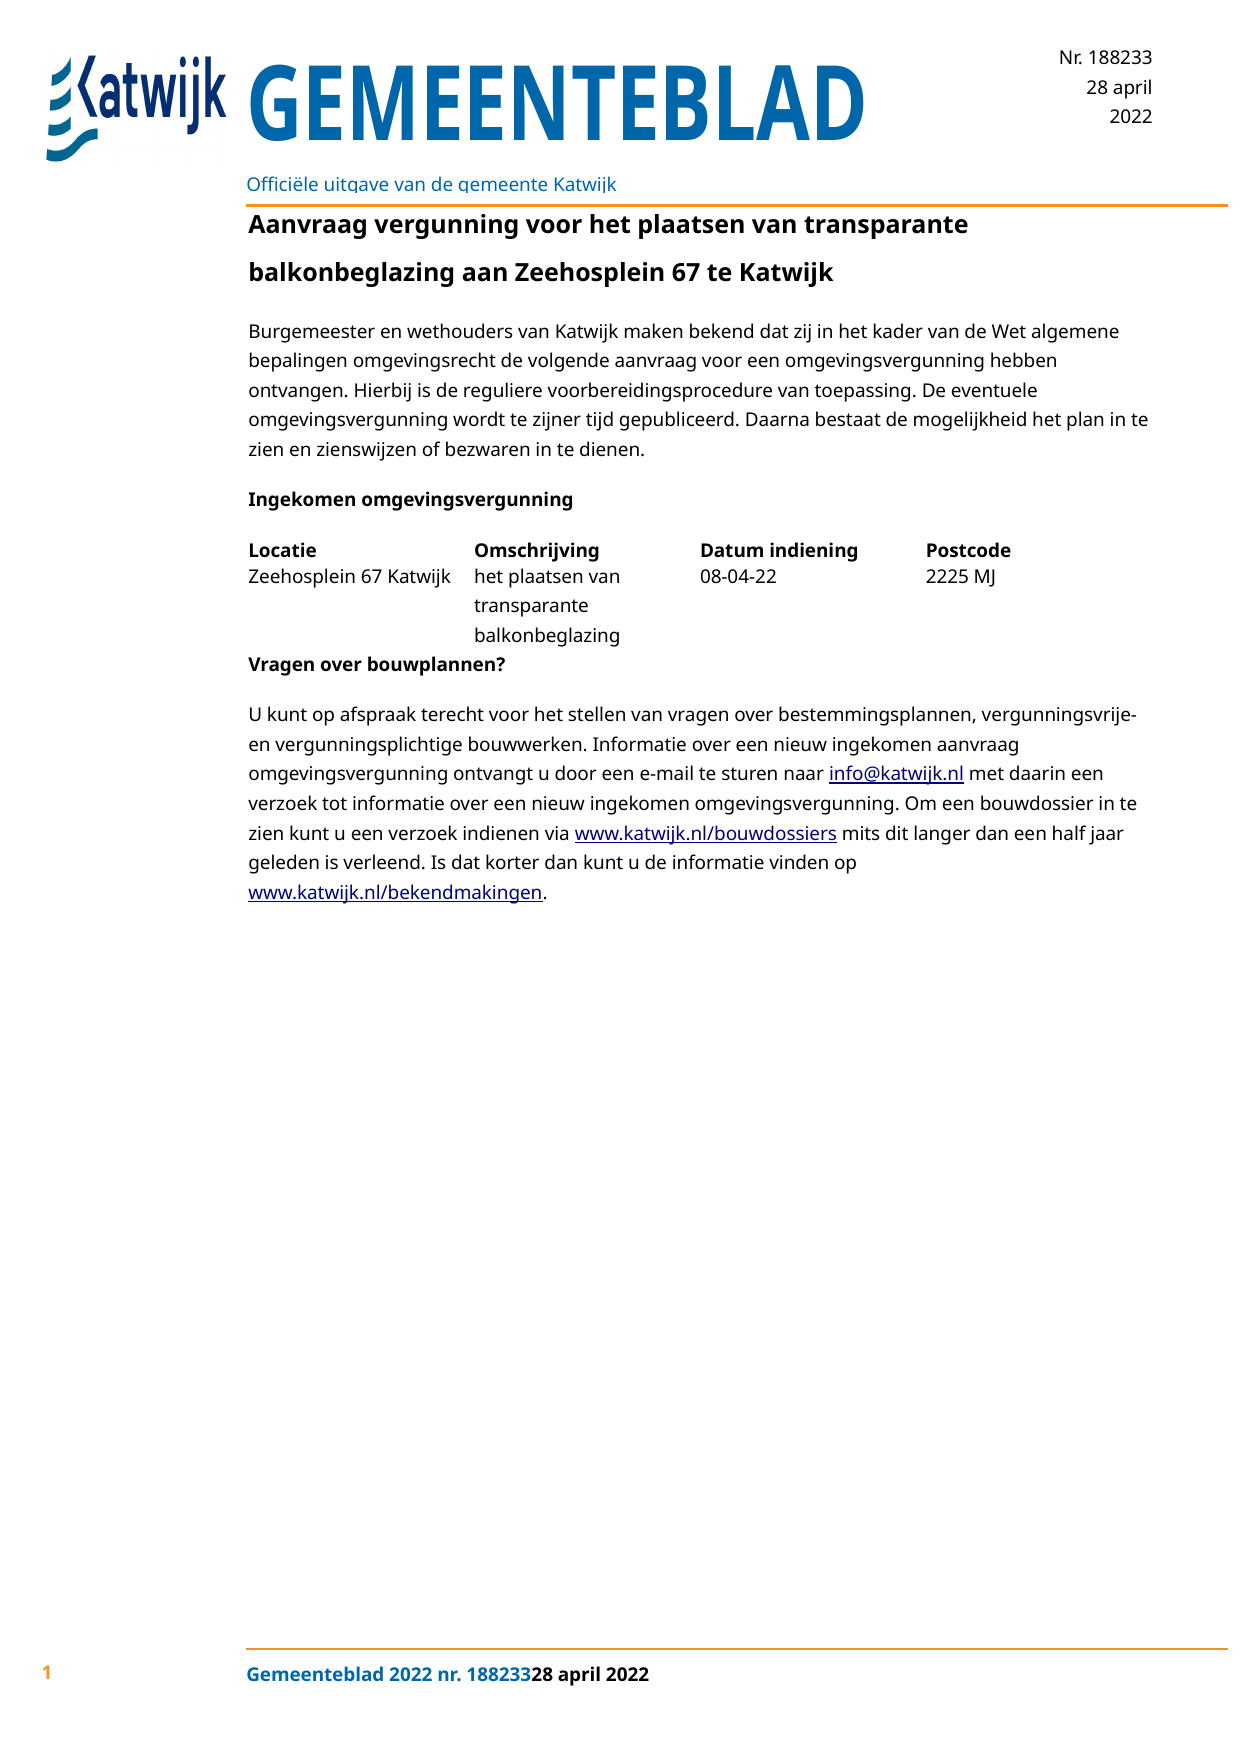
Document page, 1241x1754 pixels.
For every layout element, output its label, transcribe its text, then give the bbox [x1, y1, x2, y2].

table_cell het plaatsen van transparante balkonbeglazing [474, 563, 700, 648]
table_cell 08-04-22 [700, 563, 926, 648]
table_cell Zeehosplein 67 Katwijk [248, 563, 474, 648]
table_header Locatie [248, 537, 474, 563]
text Aanvraag vergunning voor het plaatsen van transparante balkonbeglazing aan Zeehosplein 67 te Katwijk [248, 207, 1152, 288]
text Ingekomen omgevingsvergunning [248, 487, 1152, 512]
table_header Postcode [926, 537, 1152, 563]
text Burgemeester en wethouders van Katwijk maken bekend dat zij in het kader van de Wet algemene bepalingen omgevingsrecht de volgende aanvraag voor een omgevingsvergunning hebben ontvangen. Hierbij is de reguliere voorbereidingsprocedure van toepassing. De eventuele omgevingsvergunning wordt te zijner tijd gepubliceerd. Daarna bestaat de mogelijkheid het plan in te zien en zienswijzen of bezwaren in te dienen. [248, 318, 1152, 462]
picture [41, 47, 231, 172]
table_cell 2225 MJ [926, 563, 1152, 648]
table_header Omschrijving [474, 537, 700, 563]
text U kunt op afspraak terecht voor het stellen van vragen over bestemmingsplannen, vergunningsvrije- en vergunningsplichtige bouwwerken. Informatie over een nieuw ingekomen aanvraag omgevingsvergunning ontvangt u door een e-mail te sturen naar info@katwijk.nl met daarin een verzoek tot informatie over een nieuw ingekomen omgevingsvergunning. Om een bouwdossier in te zien kunt u een verzoek indienen via www.katwijk.nl/bouwdossiers mits dit langer dan een half jaar geleden is verleend. Is dat korter dan kunt u de informatie vinden op www.katwijk.nl/bekendmakingen. [248, 701, 1152, 905]
table_header Datum indiening [700, 537, 926, 563]
text Vragen over bouwplannen? [248, 651, 1152, 677]
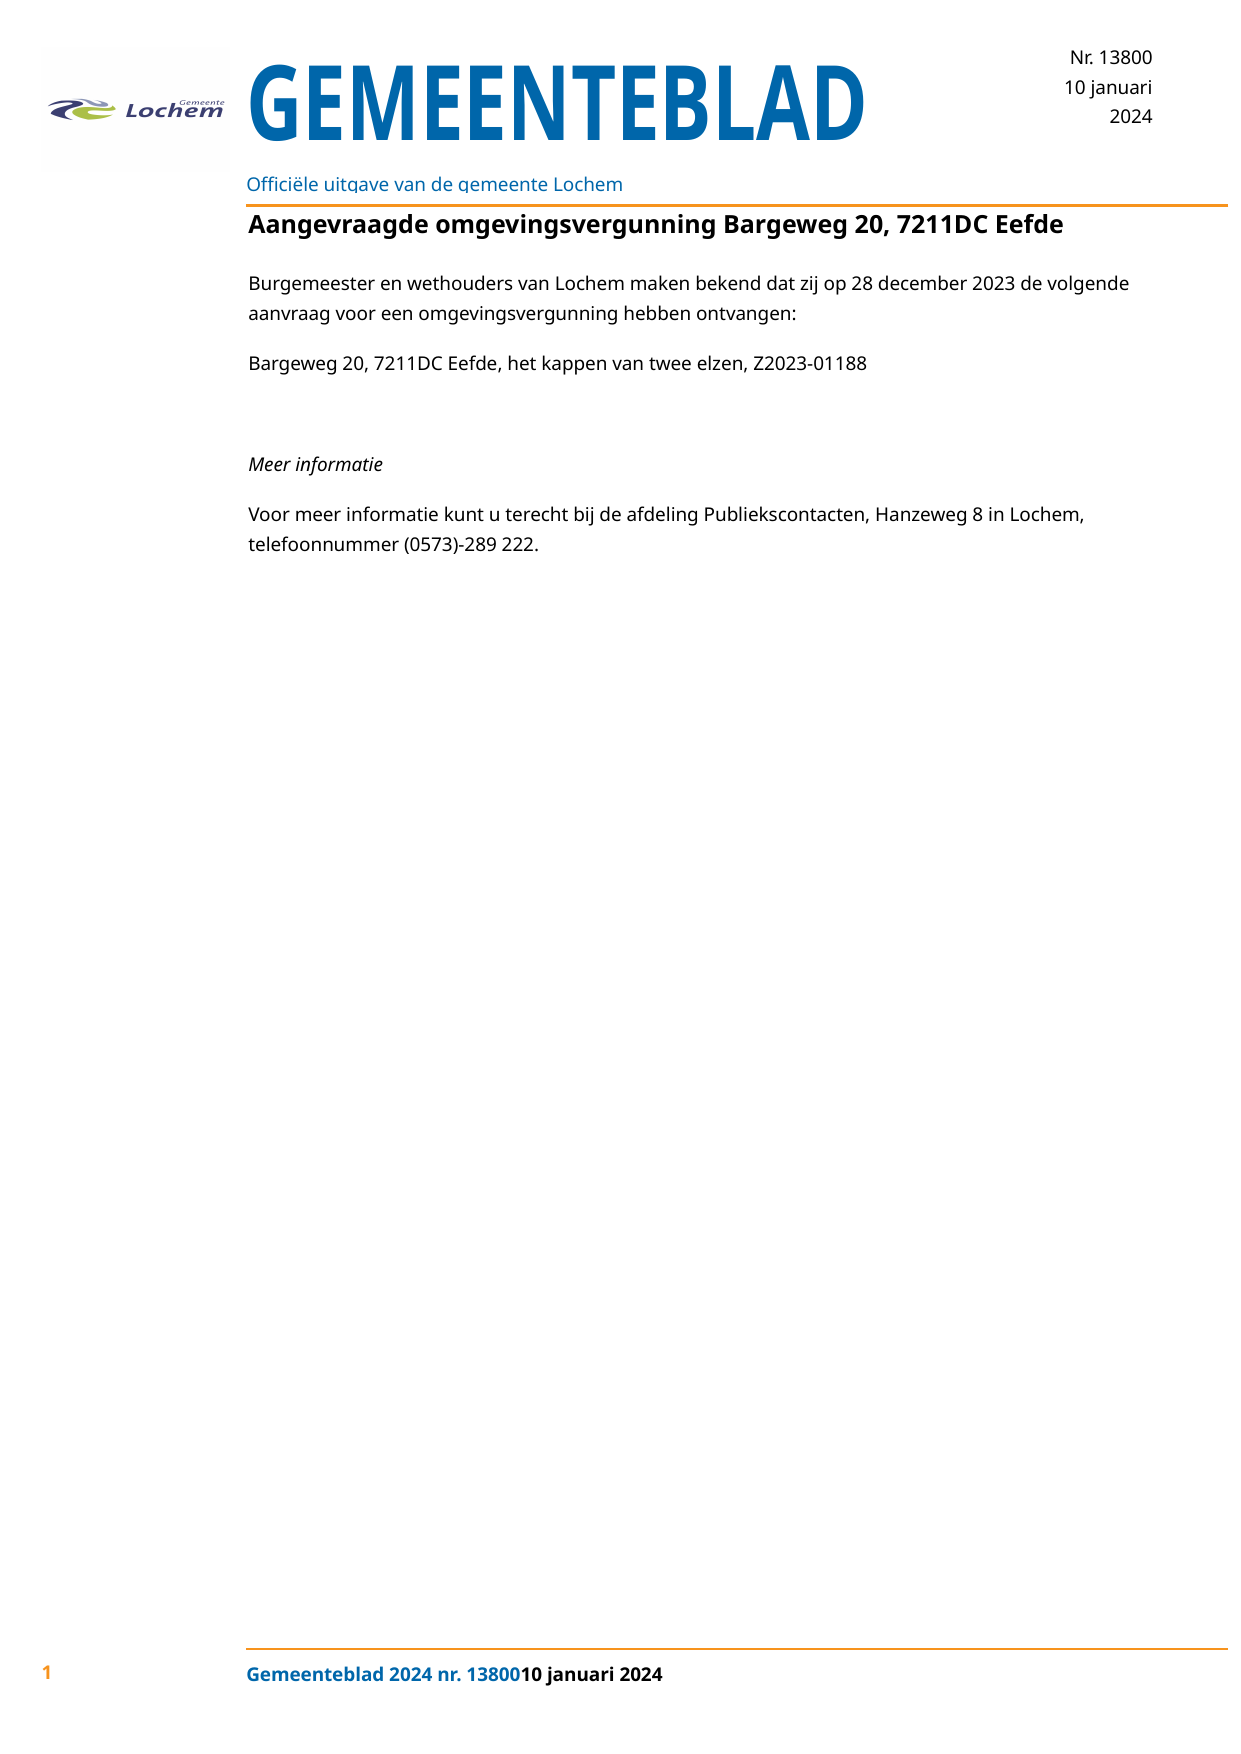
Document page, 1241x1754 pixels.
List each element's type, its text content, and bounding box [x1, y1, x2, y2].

text Burgemeester en wethouders van Lochem maken bekend dat zij op 28 december 2023 de volgende aanvraag voor een omgevingsvergunning hebben ontvangen: [248, 270, 1152, 326]
text Meer informatie [248, 451, 1152, 477]
text Bargeweg 20, 7211DC Eefde, het kappen van twee elzen, Z2023-01188 [248, 350, 1152, 376]
text Voor meer informatie kunt u terecht bij de afdeling Publiekscontacten, Hanzeweg 8 in Lochem, telefoonnummer (0573)-289 222. [248, 502, 1152, 557]
text Aangevraagde omgevingsvergunning Bargeweg 20, 7211DC Eefde [248, 207, 1152, 241]
picture [41, 47, 231, 172]

====

== Problem ==
Would you please reproduce verbatim the run of lines that opens the listing and ends with the line holding "table_header Postcode [926, 537, 1152, 563]", and only that run, leaving every picture out?

== Result ==
Document page, 1241x1754 pixels.
For every layout element, output its label, transcribe its text, then give the bbox [x1, y1, x2, y2].

table_cell het plaatsen van transparante balkonbeglazing [474, 563, 700, 648]
table_cell 08-04-22 [700, 563, 926, 648]
table_cell Zeehosplein 67 Katwijk [248, 563, 474, 648]
table_header Locatie [248, 537, 474, 563]
text Aanvraag vergunning voor het plaatsen van transparante balkonbeglazing aan Zeehosplein 67 te Katwijk [248, 207, 1152, 288]
text Ingekomen omgevingsvergunning [248, 487, 1152, 512]
table_header Postcode [926, 537, 1152, 563]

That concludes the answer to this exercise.